GOAL OF THE EXERCISE
Return every line from the listing where the word "made" occurs.

::::::::::

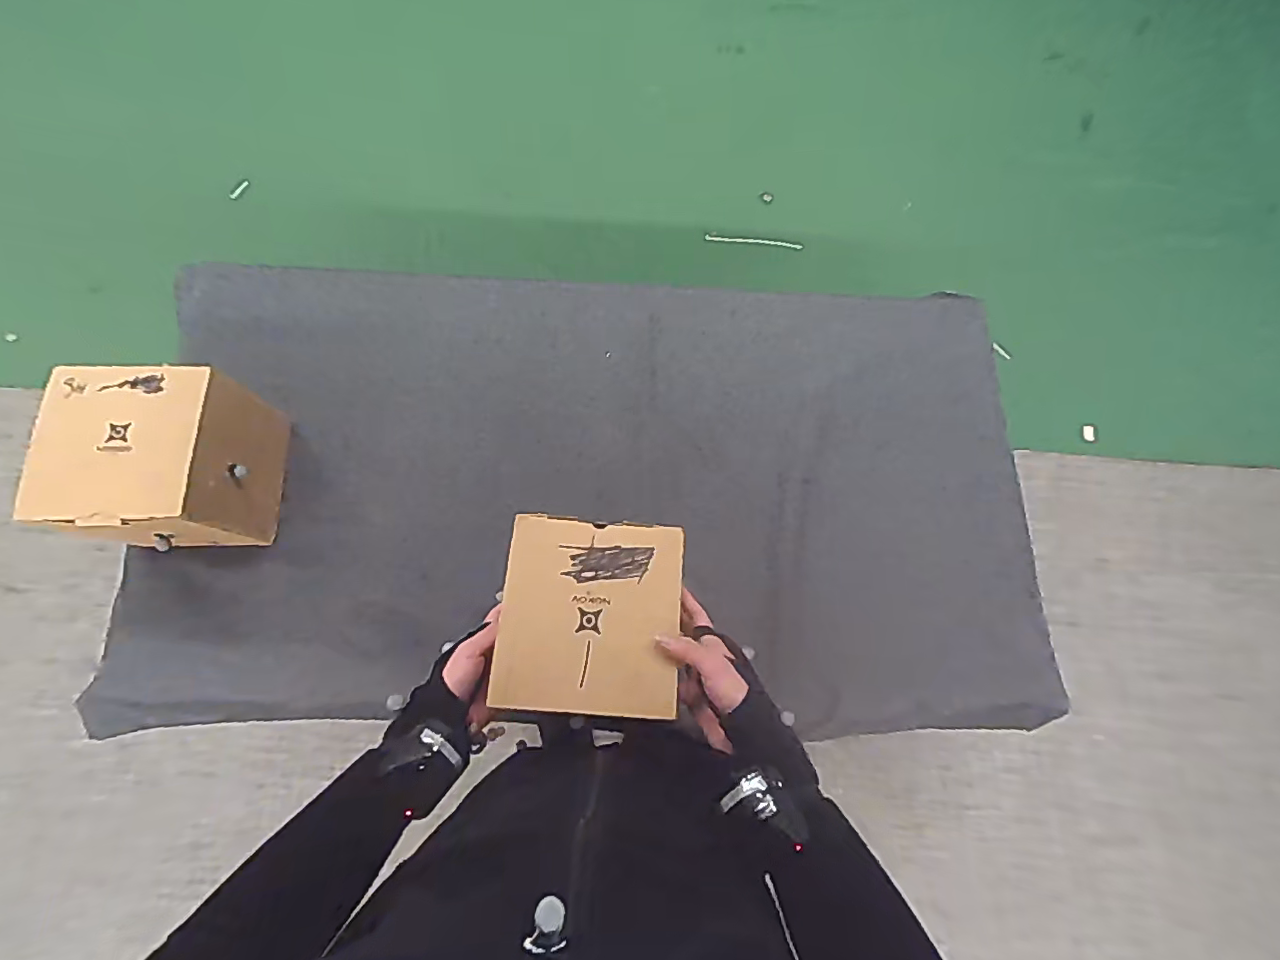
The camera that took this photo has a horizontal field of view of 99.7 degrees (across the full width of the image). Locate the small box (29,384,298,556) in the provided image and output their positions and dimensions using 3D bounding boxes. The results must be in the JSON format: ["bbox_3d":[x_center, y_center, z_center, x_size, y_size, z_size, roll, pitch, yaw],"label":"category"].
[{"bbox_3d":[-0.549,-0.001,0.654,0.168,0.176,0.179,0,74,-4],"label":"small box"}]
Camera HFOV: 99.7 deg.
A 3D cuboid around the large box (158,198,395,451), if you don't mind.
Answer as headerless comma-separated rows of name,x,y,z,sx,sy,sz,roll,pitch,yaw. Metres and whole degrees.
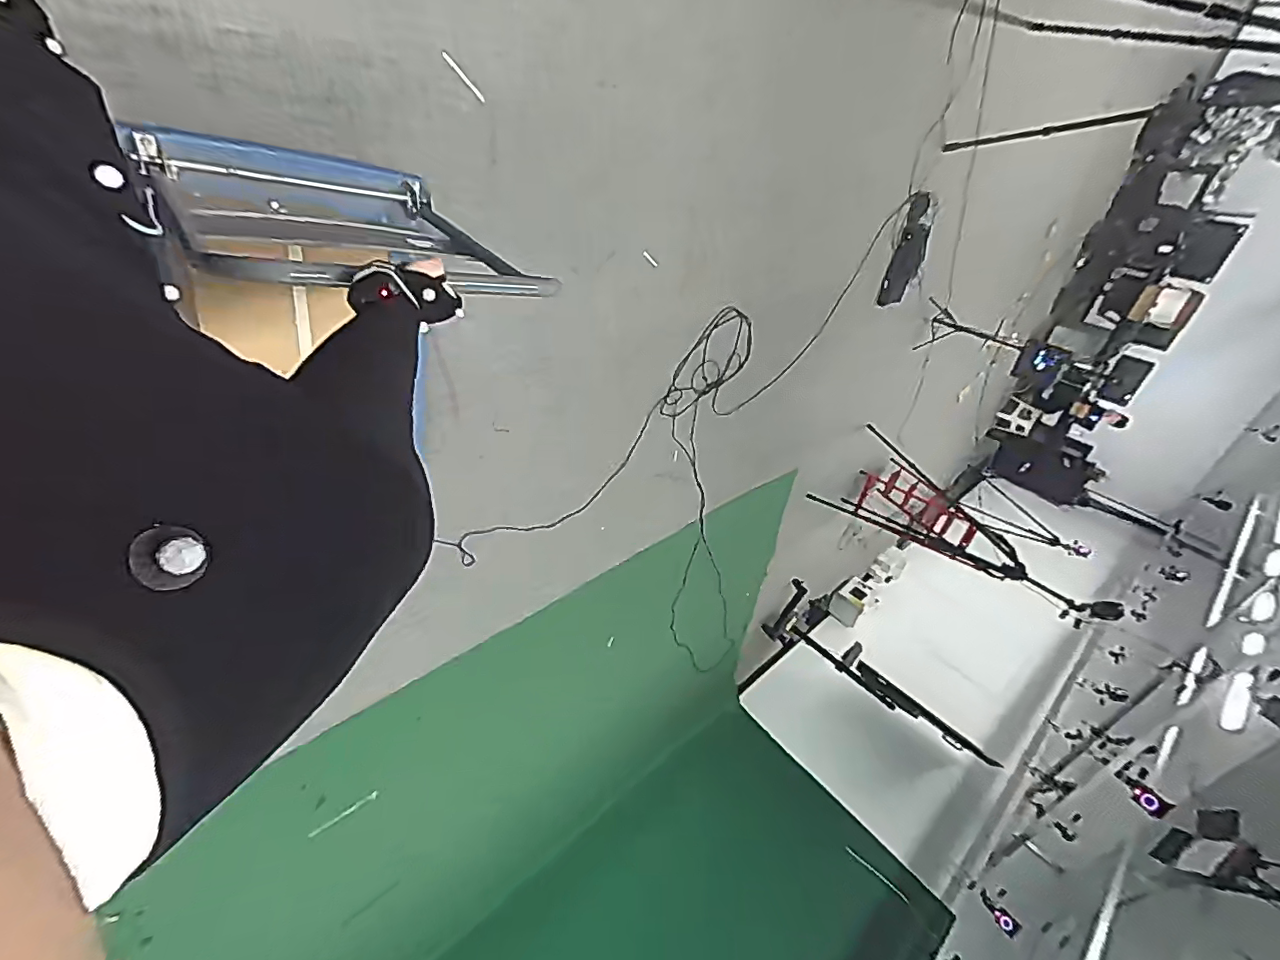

::::::::::

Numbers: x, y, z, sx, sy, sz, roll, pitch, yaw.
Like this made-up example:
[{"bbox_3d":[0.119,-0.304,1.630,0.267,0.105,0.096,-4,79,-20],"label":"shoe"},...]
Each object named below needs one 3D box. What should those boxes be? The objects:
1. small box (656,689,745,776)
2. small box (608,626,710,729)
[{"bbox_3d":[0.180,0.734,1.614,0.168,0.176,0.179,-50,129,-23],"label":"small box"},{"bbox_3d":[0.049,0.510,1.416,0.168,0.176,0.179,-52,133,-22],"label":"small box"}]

::::::::::

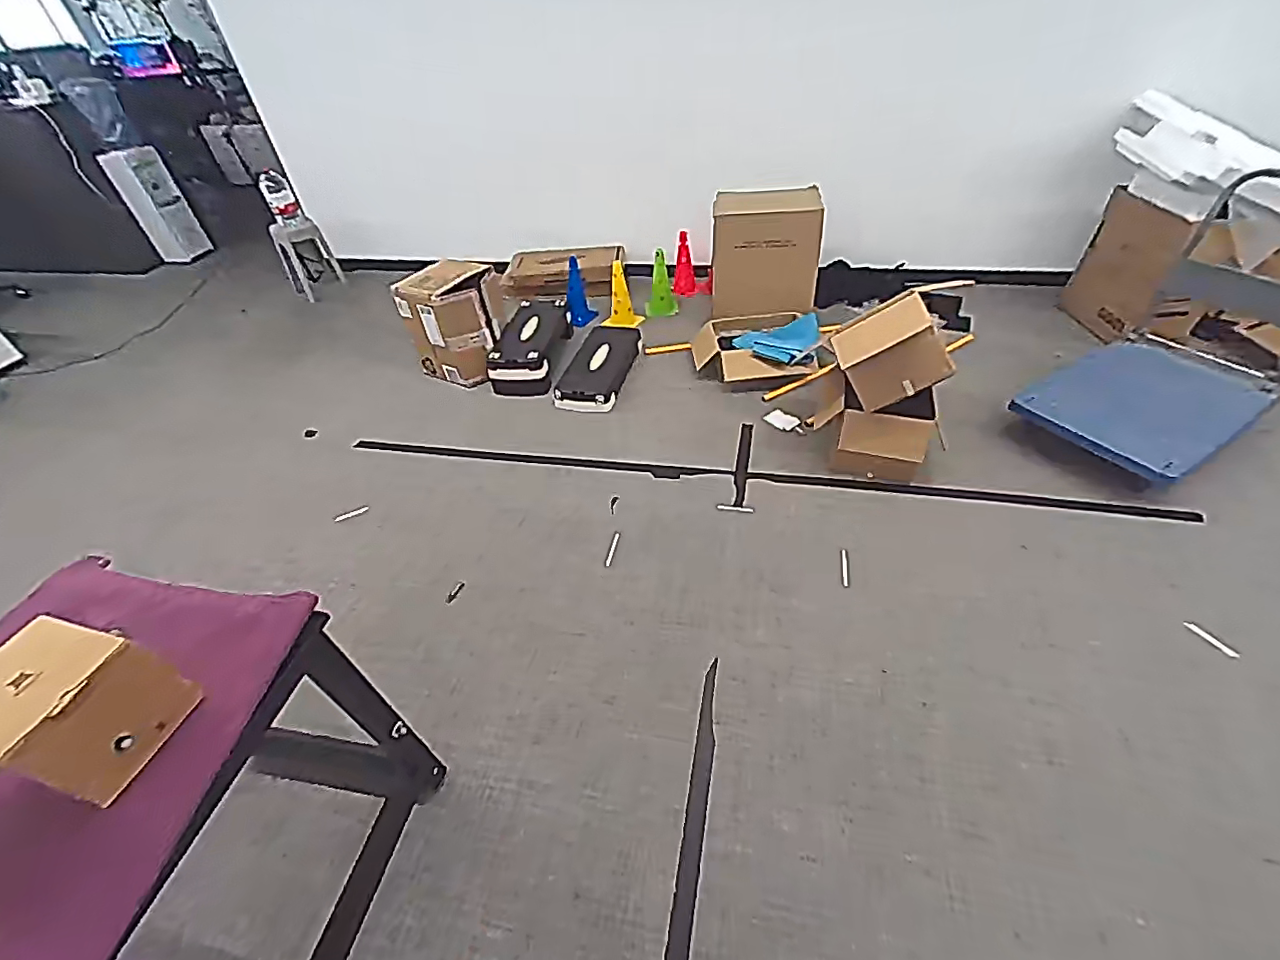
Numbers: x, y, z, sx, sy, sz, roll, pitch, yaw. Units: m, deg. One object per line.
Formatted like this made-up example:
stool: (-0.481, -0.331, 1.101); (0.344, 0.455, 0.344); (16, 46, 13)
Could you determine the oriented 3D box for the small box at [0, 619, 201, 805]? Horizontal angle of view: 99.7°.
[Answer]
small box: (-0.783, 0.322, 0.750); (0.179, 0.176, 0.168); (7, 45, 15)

::::::::::

THE ANSWER
Like this made-up example:
Formatted like this made-up example:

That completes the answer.